Todavia, algumas destas preocupações arrastam-se ao longo dos anos em estudos, reuniões técnicas e sensibilização e pouco mais se adianta .É o caso das doenças musculo-esqueleticas que afecta milhões de trabalhadoras e trabalhadores europeus.Apesar dos esforços dos sindicatos mais uma vez a Comissão não tem prevista qualquer medida legislativa.
O mesmo acontece com as doenças profissionais cujo enquadramento e melhoria dos sistemas fica para os respectivos Estados membros.Apenas se prevê a actualização da Recomendação da Comissão sobre doenças profissionais de modo a incluir a Covid 19 até 2022.Ora, esta questão, a notificação reconhecimento e tratamento das doenças profissionais é em muitos países um verdadeiro drama.Milhões de trabalhadores, em particular na agricultura e construção, continuam a trabalhar nos mesmos locais que os adoeceram!Portugal é um dos casos em que verdadeiramente o sistema precisa de uma grande reforma.
De assinalar também que a Comissão, embora afirmando que as alterações climáticas estão no centro da sua ação, apenas refere muito superficialmente a questão das consequências das mesmas no trabalho.Ora, a Confederação Europeia de Sindicatos tem reivindicado a necessidade de uma directiva sobre a prevenção e proteção dos trabalhadores que laboram em ambientes de altas/baixas temperaturas.
O mesmo se podia dizer no que respeita ao já velho discurso sobre a proteção dos trabalhadores mais idosos.Para quando medidas concretas ao nível de horários , segurança e saúde, vigilância médica, redução do tempo de trabalho etc..
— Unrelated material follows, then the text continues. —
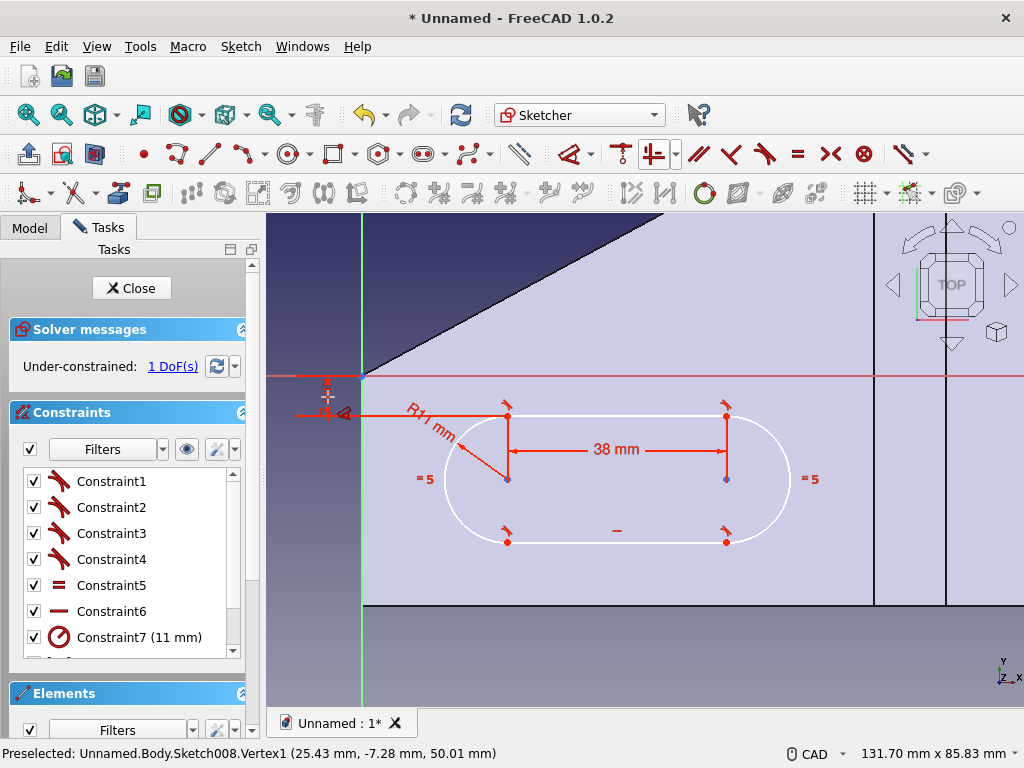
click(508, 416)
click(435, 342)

Segurança e saúde dos trabalhadores é um direito fundamental
Mas também os riscos psicossociais relacionados com o trabalho ficam sem enquadramento específico.Nada previsto para além de guias, estudos e campanhas.No entanto, o stresse, o assédio e o bounout proliferam nos locais de trabalho.É caso para perguntar se a Comissão Europeia anda tolhida por alguém.A saúde de quem trabalha não pode ser apenas um factor económico e de competitividade.Deve ser um direito fundamental dos trabalhadores!Continuam a prevalecer os interesses das empresas e da economia sobre a saúde dos trabalhadores.
Enfim, esperava mais, embora sabendo que a a situação não é propícia a grandes rasgos.É verdade que a melhoria das condições de trabalho depende muito da relação de forças em cada país e dos modelos de relações de trabalho vigentes.A maioria dos paises da UE não tem níveis dignos de segurança e saúde dos trabalhadores.Basta ouvir os sindicalistas da Bulgária, Hungria, Polónia Letónia, etc.Mas, nos países tradicionalmente mais progressistas como nos países nórdicos e Alemanha, para não falar na Espanha e na Itália, a situação degrada-se a olhos vistos.A luta pelo trabalho digno continua agora com a discussão e elaboração das estratégias nacionais.O contributo do movimento sindical será decisivo.Precisam-se medidas concretas!
*Dirigente da BASE-FUT, Técnico Superior da ACT aposentado.